Understanding Self-Supervised Pretraining with Part-Aware Representation Learning
Jie Zhu, Jiyang Qi, Mingyu Ding, Xiaokang Chen, Ping Luo, Xinggang, Wang, Wenyu Liu, Leye Wang, Jingdong Wang

TL;DR
This paper investigates how self-supervised pretraining methods learn part-aware representations, revealing their strengths in part-level recognition and the complementary nature of contrastive learning and masked image modeling.
Contribution
It provides a theoretical explanation of part-to-whole and part-to-part learning in self-supervised methods and empirically compares their effectiveness on recognition tasks.
Findings
Self-supervised models excel at part-level recognition.
Contrastive learning and masked image modeling are complementary.

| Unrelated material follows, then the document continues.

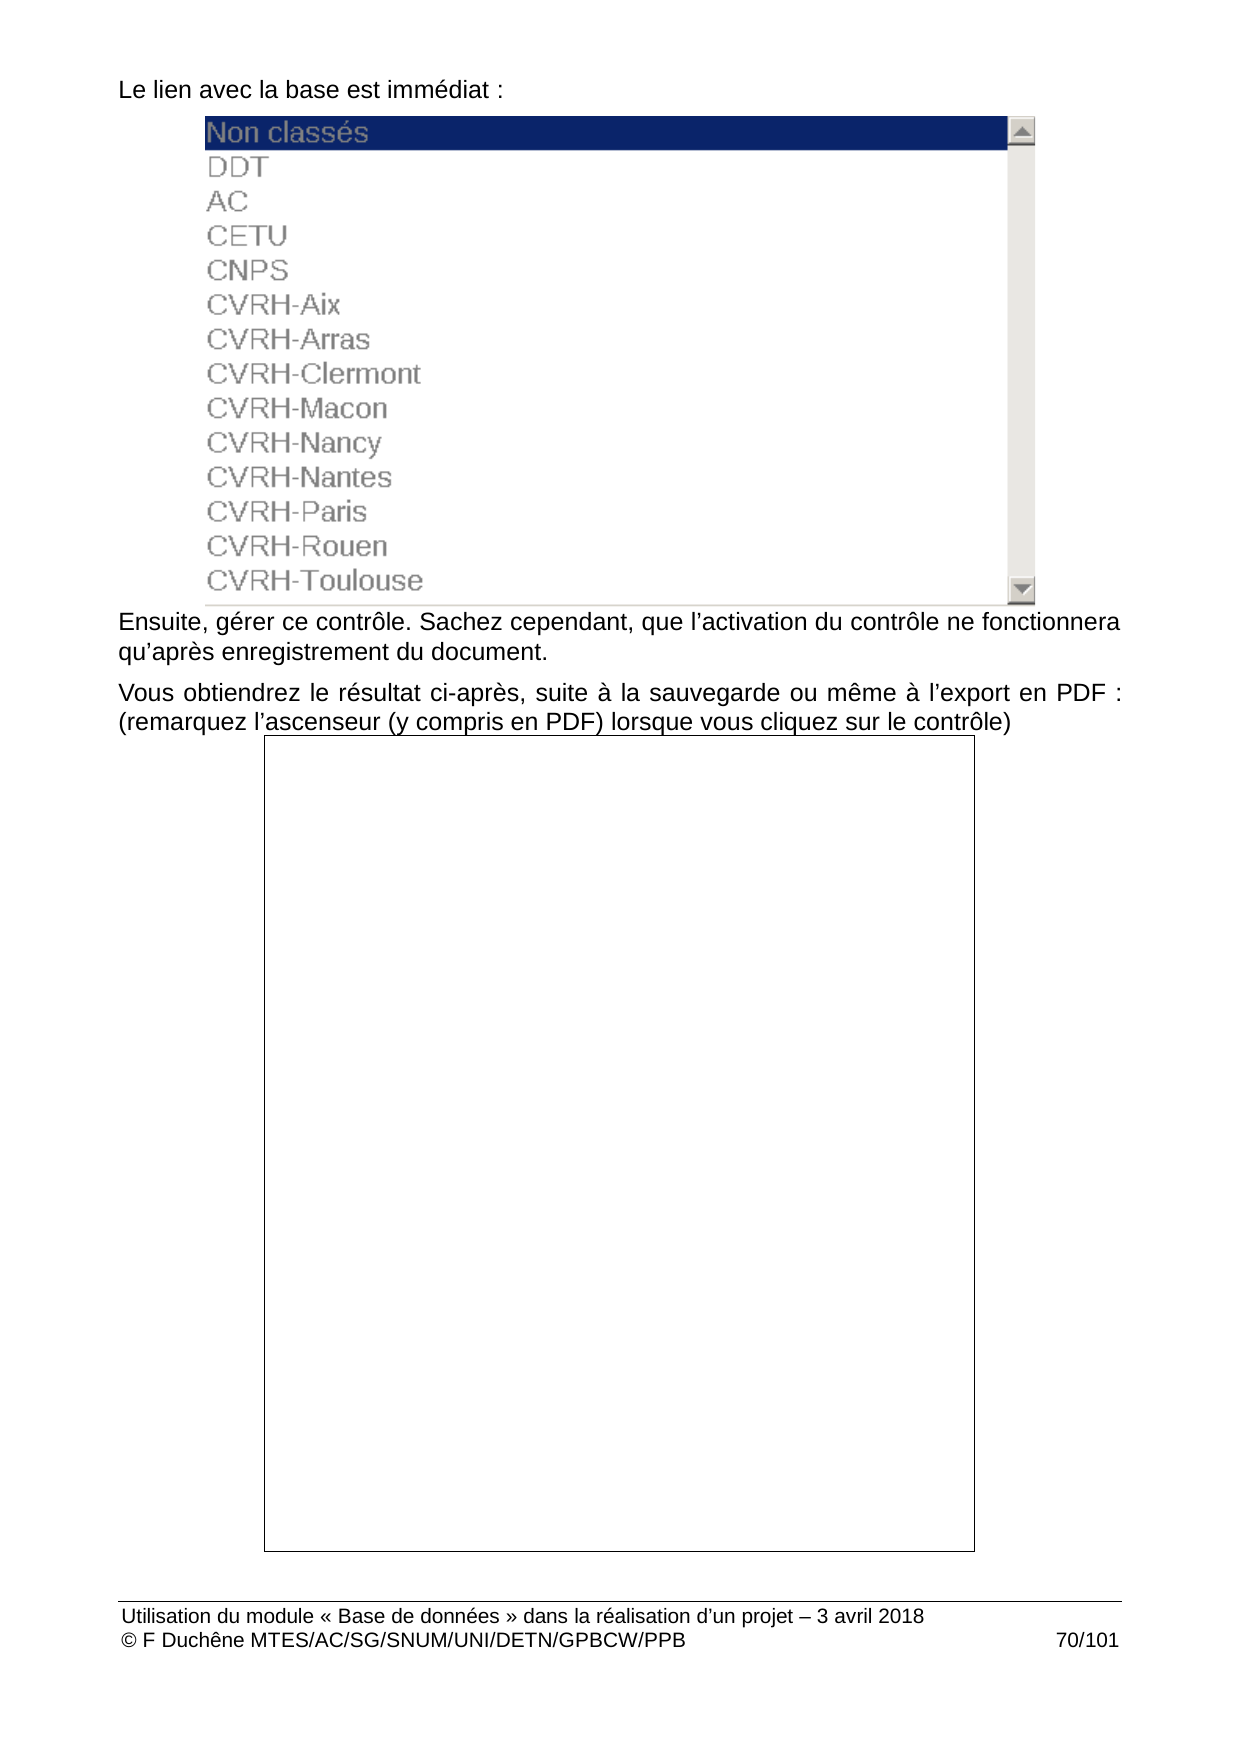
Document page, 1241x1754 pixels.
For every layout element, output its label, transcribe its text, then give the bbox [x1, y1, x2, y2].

Fully-supervised models outperform self-supervised ones at object-level recognition.
Abstract
In this paper, we are interested in understanding self-supervised pretraining through studying the capability that self-supervised representation pretraining methods learn part-aware representations. The study is mainly motivated by that random views, used in contrastive learning, and random masked (visible) patches, used in masked image modeling, are often about object parts. We explain that contrastive learning is a part-to-whole task: the projection layer hallucinates the whole object representation from the object part representation learned from the encoder, and that masked image modeling is a part-to-part task: the masked patches of the object are hallucinated from the visible patches. The explanation suggests that the self-supervised pretrained encoder is required to understand the object part. We empirically compare the off-the-shelf encoders pretrained with several…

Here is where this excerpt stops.